Collected data:
/---
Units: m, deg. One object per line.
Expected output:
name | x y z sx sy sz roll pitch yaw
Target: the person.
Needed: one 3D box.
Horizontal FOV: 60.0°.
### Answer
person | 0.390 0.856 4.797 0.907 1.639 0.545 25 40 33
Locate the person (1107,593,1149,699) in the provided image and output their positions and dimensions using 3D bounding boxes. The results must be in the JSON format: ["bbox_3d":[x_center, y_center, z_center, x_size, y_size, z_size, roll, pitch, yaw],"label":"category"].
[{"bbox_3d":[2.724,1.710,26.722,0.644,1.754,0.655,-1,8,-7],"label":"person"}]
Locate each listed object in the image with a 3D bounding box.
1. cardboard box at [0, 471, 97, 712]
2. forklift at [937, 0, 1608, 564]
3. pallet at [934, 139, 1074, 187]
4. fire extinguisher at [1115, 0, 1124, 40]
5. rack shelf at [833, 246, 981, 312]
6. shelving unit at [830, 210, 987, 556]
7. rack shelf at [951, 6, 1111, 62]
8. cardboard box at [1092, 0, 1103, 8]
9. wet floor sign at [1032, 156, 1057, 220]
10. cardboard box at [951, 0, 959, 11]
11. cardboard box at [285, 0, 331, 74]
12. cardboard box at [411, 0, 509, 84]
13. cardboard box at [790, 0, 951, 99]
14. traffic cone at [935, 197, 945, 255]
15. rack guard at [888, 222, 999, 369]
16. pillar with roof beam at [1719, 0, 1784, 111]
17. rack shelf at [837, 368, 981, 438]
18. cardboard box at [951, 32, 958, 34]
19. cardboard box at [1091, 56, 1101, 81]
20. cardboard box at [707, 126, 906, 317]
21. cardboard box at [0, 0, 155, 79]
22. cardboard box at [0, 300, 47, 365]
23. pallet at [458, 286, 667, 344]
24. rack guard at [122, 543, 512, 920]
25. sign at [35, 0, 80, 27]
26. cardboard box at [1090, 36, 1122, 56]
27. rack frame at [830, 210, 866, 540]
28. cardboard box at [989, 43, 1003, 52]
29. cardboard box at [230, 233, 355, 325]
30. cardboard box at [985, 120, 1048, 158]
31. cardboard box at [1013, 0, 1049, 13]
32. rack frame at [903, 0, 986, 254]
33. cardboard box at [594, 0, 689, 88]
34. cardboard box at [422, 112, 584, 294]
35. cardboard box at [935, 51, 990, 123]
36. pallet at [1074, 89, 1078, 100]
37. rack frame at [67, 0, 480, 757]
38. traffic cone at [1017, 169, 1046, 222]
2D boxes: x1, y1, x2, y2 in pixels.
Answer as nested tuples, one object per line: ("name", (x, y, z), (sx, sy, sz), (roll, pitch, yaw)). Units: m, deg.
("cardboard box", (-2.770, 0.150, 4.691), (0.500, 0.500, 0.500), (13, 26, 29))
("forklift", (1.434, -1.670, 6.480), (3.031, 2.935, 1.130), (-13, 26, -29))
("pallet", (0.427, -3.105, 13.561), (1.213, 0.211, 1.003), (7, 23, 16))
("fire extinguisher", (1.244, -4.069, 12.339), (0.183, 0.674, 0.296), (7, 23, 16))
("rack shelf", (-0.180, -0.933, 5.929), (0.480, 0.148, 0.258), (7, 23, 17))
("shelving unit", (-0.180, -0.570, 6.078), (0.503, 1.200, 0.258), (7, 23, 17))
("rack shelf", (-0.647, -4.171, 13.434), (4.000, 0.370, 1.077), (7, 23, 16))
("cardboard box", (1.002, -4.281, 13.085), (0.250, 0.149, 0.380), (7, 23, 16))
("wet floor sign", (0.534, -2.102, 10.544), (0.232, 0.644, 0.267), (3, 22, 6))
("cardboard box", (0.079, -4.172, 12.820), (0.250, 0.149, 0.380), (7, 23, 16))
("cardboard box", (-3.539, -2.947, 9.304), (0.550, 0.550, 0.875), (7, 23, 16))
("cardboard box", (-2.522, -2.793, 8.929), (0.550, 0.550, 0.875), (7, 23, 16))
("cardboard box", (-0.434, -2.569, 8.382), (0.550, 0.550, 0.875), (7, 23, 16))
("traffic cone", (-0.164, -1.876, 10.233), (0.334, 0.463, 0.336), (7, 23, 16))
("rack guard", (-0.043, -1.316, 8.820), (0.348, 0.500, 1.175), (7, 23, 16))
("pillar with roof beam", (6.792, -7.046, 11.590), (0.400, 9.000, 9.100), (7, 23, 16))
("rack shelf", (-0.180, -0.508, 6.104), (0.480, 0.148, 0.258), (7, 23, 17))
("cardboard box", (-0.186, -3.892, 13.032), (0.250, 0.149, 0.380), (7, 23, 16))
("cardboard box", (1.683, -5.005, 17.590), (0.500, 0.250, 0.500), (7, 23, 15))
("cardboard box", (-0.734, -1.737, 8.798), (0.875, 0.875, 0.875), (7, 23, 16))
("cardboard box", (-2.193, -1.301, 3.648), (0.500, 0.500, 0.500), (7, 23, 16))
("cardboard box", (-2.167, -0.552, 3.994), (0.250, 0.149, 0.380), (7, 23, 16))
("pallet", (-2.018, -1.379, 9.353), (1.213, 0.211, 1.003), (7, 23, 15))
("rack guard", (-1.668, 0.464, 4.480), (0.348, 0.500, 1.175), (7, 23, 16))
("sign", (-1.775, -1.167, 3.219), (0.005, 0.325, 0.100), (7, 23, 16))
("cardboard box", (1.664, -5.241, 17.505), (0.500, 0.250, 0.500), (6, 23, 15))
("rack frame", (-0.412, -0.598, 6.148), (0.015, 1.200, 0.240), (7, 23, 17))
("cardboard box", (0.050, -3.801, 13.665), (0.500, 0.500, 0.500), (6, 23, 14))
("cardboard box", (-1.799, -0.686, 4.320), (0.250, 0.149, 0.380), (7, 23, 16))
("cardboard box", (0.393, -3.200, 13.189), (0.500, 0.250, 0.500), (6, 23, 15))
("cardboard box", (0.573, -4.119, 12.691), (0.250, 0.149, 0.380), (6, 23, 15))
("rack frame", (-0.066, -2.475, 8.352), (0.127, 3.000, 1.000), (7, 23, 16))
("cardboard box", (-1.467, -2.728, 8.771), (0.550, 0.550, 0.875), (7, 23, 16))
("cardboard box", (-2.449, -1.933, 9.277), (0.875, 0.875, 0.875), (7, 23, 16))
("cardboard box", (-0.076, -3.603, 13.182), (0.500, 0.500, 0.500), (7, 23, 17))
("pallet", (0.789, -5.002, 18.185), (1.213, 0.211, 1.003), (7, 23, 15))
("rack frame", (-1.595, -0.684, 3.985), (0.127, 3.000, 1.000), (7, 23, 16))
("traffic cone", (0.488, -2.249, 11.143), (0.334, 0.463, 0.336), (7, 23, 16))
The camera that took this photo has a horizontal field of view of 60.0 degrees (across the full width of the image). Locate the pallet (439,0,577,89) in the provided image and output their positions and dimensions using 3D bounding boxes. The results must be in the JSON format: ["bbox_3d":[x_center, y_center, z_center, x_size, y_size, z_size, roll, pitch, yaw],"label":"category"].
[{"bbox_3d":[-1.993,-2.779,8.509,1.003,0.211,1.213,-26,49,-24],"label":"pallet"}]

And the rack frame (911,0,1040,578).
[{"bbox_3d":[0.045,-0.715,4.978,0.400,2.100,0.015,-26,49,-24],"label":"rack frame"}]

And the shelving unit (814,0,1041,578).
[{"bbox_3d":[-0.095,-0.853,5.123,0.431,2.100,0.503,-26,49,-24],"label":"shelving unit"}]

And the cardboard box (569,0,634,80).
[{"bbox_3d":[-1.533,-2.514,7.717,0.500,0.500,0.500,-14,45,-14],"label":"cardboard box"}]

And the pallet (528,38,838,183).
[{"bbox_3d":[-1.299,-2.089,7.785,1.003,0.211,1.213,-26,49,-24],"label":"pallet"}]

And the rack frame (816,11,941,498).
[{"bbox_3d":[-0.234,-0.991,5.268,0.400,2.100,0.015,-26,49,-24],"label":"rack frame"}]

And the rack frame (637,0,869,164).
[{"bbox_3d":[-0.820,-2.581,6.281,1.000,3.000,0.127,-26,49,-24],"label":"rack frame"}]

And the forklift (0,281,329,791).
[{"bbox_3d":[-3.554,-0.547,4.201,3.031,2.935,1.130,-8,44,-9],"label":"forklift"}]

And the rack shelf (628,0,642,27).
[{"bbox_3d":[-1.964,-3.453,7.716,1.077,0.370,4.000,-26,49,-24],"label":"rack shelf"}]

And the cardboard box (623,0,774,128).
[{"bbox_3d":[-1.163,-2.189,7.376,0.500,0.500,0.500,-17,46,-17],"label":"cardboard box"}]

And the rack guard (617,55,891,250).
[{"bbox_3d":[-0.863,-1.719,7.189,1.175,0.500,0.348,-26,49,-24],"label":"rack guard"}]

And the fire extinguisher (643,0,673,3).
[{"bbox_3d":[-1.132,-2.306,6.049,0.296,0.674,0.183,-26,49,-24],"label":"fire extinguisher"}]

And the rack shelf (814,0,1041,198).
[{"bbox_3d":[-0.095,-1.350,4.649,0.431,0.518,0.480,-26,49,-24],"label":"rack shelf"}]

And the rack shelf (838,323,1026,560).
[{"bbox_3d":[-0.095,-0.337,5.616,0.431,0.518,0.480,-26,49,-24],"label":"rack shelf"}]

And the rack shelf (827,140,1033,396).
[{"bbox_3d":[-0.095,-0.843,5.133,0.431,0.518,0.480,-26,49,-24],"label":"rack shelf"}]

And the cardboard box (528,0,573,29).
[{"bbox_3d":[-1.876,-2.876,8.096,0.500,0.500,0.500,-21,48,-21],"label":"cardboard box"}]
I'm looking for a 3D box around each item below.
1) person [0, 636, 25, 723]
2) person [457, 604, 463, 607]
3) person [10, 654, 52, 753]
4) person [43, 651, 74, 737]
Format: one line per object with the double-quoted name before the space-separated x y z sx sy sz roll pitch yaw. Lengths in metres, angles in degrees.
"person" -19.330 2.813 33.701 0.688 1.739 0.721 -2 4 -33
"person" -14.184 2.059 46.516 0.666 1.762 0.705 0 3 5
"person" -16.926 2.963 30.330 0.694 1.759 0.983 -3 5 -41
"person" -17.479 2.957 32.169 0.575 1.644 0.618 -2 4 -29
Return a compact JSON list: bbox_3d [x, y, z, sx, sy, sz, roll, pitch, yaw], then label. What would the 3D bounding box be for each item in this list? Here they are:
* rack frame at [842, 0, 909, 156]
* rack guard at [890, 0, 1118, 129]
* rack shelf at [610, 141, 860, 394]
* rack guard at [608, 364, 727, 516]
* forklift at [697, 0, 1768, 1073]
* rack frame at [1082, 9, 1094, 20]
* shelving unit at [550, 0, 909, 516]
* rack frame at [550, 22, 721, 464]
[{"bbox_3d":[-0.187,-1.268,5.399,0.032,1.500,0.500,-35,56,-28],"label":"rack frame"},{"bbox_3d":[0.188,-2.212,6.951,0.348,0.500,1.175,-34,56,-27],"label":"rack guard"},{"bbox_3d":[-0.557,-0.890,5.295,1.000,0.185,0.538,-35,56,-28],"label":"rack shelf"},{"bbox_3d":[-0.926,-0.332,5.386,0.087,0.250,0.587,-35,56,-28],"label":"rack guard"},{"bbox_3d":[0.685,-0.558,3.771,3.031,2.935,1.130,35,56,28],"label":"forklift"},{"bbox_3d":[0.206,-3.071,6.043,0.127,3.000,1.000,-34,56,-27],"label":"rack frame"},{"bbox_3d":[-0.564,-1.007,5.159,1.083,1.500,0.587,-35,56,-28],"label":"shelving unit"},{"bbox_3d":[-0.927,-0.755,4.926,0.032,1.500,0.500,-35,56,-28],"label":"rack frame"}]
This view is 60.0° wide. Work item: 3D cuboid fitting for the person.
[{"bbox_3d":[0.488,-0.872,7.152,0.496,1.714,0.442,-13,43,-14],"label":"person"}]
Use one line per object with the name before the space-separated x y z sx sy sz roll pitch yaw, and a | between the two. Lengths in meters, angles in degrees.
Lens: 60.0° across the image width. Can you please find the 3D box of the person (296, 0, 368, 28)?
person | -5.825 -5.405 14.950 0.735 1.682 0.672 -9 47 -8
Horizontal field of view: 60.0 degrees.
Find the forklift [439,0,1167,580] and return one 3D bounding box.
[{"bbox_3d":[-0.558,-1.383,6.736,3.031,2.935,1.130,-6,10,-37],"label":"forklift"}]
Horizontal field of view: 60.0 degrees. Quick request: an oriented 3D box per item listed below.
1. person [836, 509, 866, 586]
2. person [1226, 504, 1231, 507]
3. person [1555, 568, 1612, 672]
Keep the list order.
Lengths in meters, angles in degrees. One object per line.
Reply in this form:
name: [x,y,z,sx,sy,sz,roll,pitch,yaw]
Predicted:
\---
**Task goal**
Set down again, word for word, the stretch of records from the line with "25. sign at [35, 0, 80, 27]" to the line with "2D boxes: x1, y1, x2, y2 in pixels.", both of those lines included.

**Answer to this exercise**
25. sign at [35, 0, 80, 27]
26. cardboard box at [1090, 36, 1122, 56]
27. rack frame at [830, 210, 866, 540]
28. cardboard box at [989, 43, 1003, 52]
29. cardboard box at [230, 233, 355, 325]
30. cardboard box at [985, 120, 1048, 158]
31. cardboard box at [1013, 0, 1049, 13]
32. rack frame at [903, 0, 986, 254]
33. cardboard box at [594, 0, 689, 88]
34. cardboard box at [422, 112, 584, 294]
35. cardboard box at [935, 51, 990, 123]
36. pallet at [1074, 89, 1078, 100]
37. rack frame at [67, 0, 480, 757]
38. traffic cone at [1017, 169, 1046, 222]
2D boxes: x1, y1, x2, y2 in pixels.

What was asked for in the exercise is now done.